The Science for Life Laboratory Stockholm and Department of Oncology-Pathology, Mass spectrometry and Proteomics, Science for Life Laboratory, Box 1031, 17121 Solna, Sweden.
Mol Cell Proteomics. 2011 Oct;10(10):M111.010264. doi: 10.1074/mcp.M111.010264. Epub 2011 Jul 6.
We present a tool to improve quantitative accuracy and precision in mass spectrometry based on shotgun proteomics: protein quantification by peptide quality control, PQPQ. The method is based on the assumption that the quantitative pattern of peptides derived from one protein will correlate over several samples. Dissonant patterns arise either from outlier peptides or because of the presence of different protein species. By correlation analysis, protein quantification by peptide quality control identifies and excludes outliers and detects the existence of different protein species. Alternative protein species are then quantified separately. By validating the algorithm on seven data sets related to different cancer studies we show that data processing by protein quantification by peptide quality control improves the information output from shotgun proteomics. Data from two labeling procedures and three different instrumental platforms was included in the evaluation. With this unique method using both peptide sequence data and quantitative data we can improve the quantitative accuracy and precision on the protein level and detect different protein species.

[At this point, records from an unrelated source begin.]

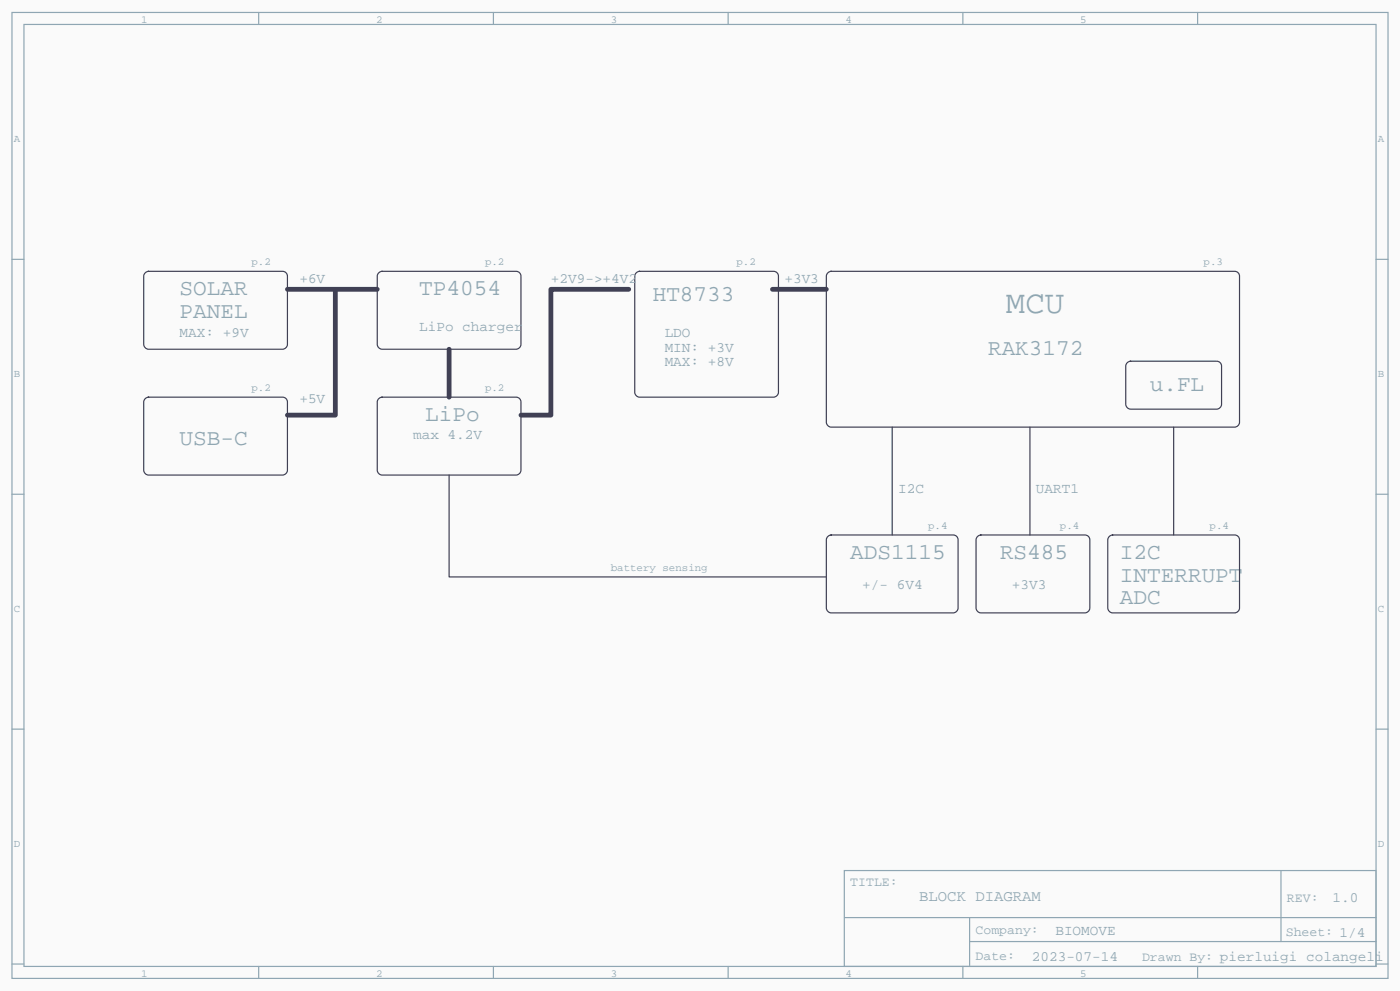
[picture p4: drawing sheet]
<svg xmlns="http://www.w3.org/2000/svg" width="412mm" height="292mm" viewBox="0 0 412 292" stroke-linecap="round" stroke-linejoin="round" font-family="sans-serif">
<defs><g id="words">
<text font-size="9.5" fill="#90a7b2" x="296.3" y="92.2">MCU</text>
<g font-size="6.7" fill="#90a7b2">
<text x="52.9" y="86.9">SOLAR</text>
<text x="123.5" y="86.9">TP4054</text>
<text x="192.3" y="88.7">HT8733</text>
<text x="52.9" y="93.6">PANEL</text>
<text x="291" y="104.6">RAK3172</text>
<text x="338.7" y="115.1">u.FL</text>
<text x="125.2" y="124">LiPo</text>
<text x="52.9" y="131">USB-C</text>
<text x="250.5" y="164.5">ADS1115</text>
<text x="294.6" y="164.5">RS485</text>
<text x="329.8" y="164.5">I2C</text>
<text x="329.8" y="171.2">INTERRUPT</text>
<text x="329.8" y="177.9">ADC</text>
</g>
<text font-size="4.6" fill="#90a7b2" x="270.8" y="265.3">BLOCK DIAGRAM</text>
<g font-size="4.2" fill="#90a7b2">
<text x="88.2" y="83.4">+6V</text>
<text x="162.3" y="83.4">+2V9-&gt;+4V2</text>
<text x="231.1" y="83.4">+3V3</text>
<text x="52.9" y="99.3">MAX: +9V</text>
<text x="123.5" y="97.5">LiPo charger</text>
<text x="195.8" y="99.3">LDO</text>
<text x="195.8" y="103.5">MIN: +3V</text>
<text x="195.8" y="107.7">MAX: +8V</text>
<text x="88.2" y="118.7">+5V</text>
<text x="121.7" y="129.3">max 4.2V</text>
<text x="264.6" y="145.1">I2C</text>
<text x="305.2" y="145.1">UART1</text>
<text x="254" y="173.4">+/- 6V4</text>
<text x="298.1" y="173.4">+3V3</text>
<text x="392.5" y="265.5">1.0</text>
<text x="310.9" y="275.1">BIOMOVE</text>
<text x="304" y="282.9">2023-07-14</text>
</g>
<g font-size="3.9" fill="#90a7b2">
<text x="250.5" y="260.8">TITLE:</text>
<text x="379.1" y="265.5">REV:</text>
<text x="287.4" y="275">Company:</text>
<text x="378.7" y="275.7">Sheet: 1/4</text>
<text x="287.4" y="282.7">Date:</text>
<text x="336.4" y="282.8">Drawn By: pierluigi colangeli</text>
</g>
<g font-size="3.2" fill="#90a7b2">
<text x="41.6" y="6.7">1</text>
<text x="110.8" y="6.7">2</text>
<text x="179.9" y="6.7">3</text>
<text x="249.1" y="6.7">4</text>
<text x="318.2" y="6.7">5</text>
<text x="4.1" y="41.8">A</text>
<text x="405.9" y="41.8">A</text>
<text x="74.1" y="78.1">p.2</text>
<text x="142.9" y="78.1">p.2</text>
<text x="217" y="78.1">p.2</text>
<text x="354.5" y="78.1">p.3</text>
<text x="4.1" y="110.9">B</text>
<text x="405.9" y="110.9">B</text>
<text x="74.1" y="115.1">p.2</text>
<text x="142.9" y="115.1">p.2</text>
<text x="273.4" y="155.7">p.4</text>
<text x="312.2" y="155.7">p.4</text>
<text x="356.3" y="155.7">p.4</text>
<text x="179.9" y="168.1">battery sensing</text>
<text x="4.1" y="180.1">C</text>
<text x="405.9" y="180.1">C</text>
<text x="4.1" y="249.2">D</text>
<text x="405.9" y="249.2">D</text>
<text x="41.6" y="287.5">1</text>
<text x="110.8" y="287.5">2</text>
<text x="179.9" y="287.5">3</text>
<text x="249.1" y="287.5">4</text>
<text x="318.2" y="287.5">5</text>
</g>
</g></defs>
<path d="M0 0h412.4v291.7h-412.4z" fill="#fafafa"/>
<g fill="none" stroke="#8fa6b3" stroke-width=".35">
<path d="M3.5 3.7h405.4v284.3h-405.4zM7.1 7.2h398.2v277.3h-398.2zM76.2 3.7v3.5M145.3 3.7v3.5M214.5 3.7v3.5M283.6 3.7v3.5M352.8 3.7v3.5M3.5 76.3h3.6M405.3 76.3h3.6M3.5 145.5h3.6M405.3 145.5h3.6M3.5 214.6h3.6"/>
<path d="M405.3 214.6h3.6M248.7 256.3h156.6v28.2h-156.6zM377.3 256.3v20.9M248.7 270.1h156.5M285.6 277.2h119.6M285.6 270.1v14.1M3.5 283.8h3.6M76.2 284.5v3.5M145.3 284.5v3.5M214.5 284.5v3.5M283.6 284.5v3.5M352.8 284.5v3.5"/>
<path d="M405.3 283.8h3.6"/>
</g>
<g fill="none" stroke="#404054" stroke-width=".35">
<path d="M42.6 80.4l1.1-.5h39.6a1.41 1.41 0 0 1 1.4 1.4v20.1a1.51 1.51 0 0 1-1.4 1.4h-39.6a1.51 1.51 0 0 1-1.4-1.4v-20.1zM111.4 80.4l1.1-.5h39.5a1.41 1.41 0 0 1 1.5 1.4v20.1a1.51 1.51 0 0 1-1.5 1.4h-39.5a1.51 1.51 0 0 1-1.4-1.4v-20.1zM187.3 80.4l1.1-.5h39.5a1.41 1.41 0 0 1 1.4 1.4v34.2a1.51 1.51 0 0 1-1.4 1.4h-39.5a1.51 1.51 0 0 1-1.4-1.4v-34.2zM243.7 80.4l1.1-.5h118.9a1.41 1.41 0 0 1 1.4 1.4v43a1.51 1.51 0 0 1-1.4 1.4h-118.9a1.51 1.51 0 0 1-1.4-1.4v-43zM42.6 117.5l1.1-.6h39.6a1.41 1.41 0 0 1 1.4 1.4v20.1a1.51 1.51 0 0 1-1.4 1.4h-39.6a1.51 1.51 0 0 1-1.4-1.4v-20.1zM111.4 117.5l1.1-.6h39.5a1.41 1.41 0 0 1 1.5 1.4v20.1a1.51 1.51 0 0 1-1.5 1.4h-39.5a1.51 1.51 0 0 1-1.4-1.4v-20.1zM331.9 106.9l1.1-.6h25.4a1.41 1.41 0 0 1 1.4 1.4v11.3a1.51 1.51 0 0 1-1.4 1.4h-25.4a1.51 1.51 0 0 1-1.4-1.4v-11.3zM132.3 139.8v30h111.1M262.8 125.7v31.8M303.4 125.7v31.8M345.7 125.7v31.8M243.7 158.1l1.1-.6h36a1.41 1.41 0 0 1 1.4 1.4v20.1a1.51 1.51 0 0 1-1.4 1.4h-36a1.51 1.51 0 0 1-1.4-1.4v-20.1z"/>
<path d="M287.8 158.1l1.1-.6h30.7a1.41 1.41 0 0 1 1.4 1.4v20.1a1.51 1.51 0 0 1-1.4 1.4h-30.7a1.51 1.51 0 0 1-1.4-1.4v-20.1zM326.6 158.1l1.1-.6h36a1.41 1.41 0 0 1 1.4 1.4v20.1a1.51 1.51 0 0 1-1.4 1.4h-36a1.51 1.51 0 0 1-1.4-1.4v-20.1z"/>
</g>
<path d="M84.7 85.2h26.4M98.8 85.2v37h-14.1M185.2 85.2h-22.9v37h-8.8M227.5 85.2h15.9M132.3 102.8v14.1" fill="none" stroke="#404054" stroke-width="1.4"/>
<use href="#words"/>
</svg>

肽质量控制的蛋白质定量(PQPQ)。该方法基于这样的假设,即来自一种蛋白质的肽的定量模式将在多个样本中相关。不一致的模式要么来自异常肽,要么是因为存在不同的蛋白质种类。通过相关分析,肽质量控制的蛋白质定量识别和排除异常值,并检测不同蛋白质种类的存在。然后分别对不同的蛋白质种类进行定量。通过对七个与不同癌症研究相关的数据集进行算法验证,我们表明,通过肽质量控制的蛋白质定量对数据进行处理可以提高鸟枪法蛋白质组学的信息输出。评估中包含了两种标记程序和三种不同的仪器平台的数据。通过使用肽序列数据和定量数据的这种独特方法,我们可以提高蛋白质水平的定量准确性和精密度,并检测不同的蛋白质种类。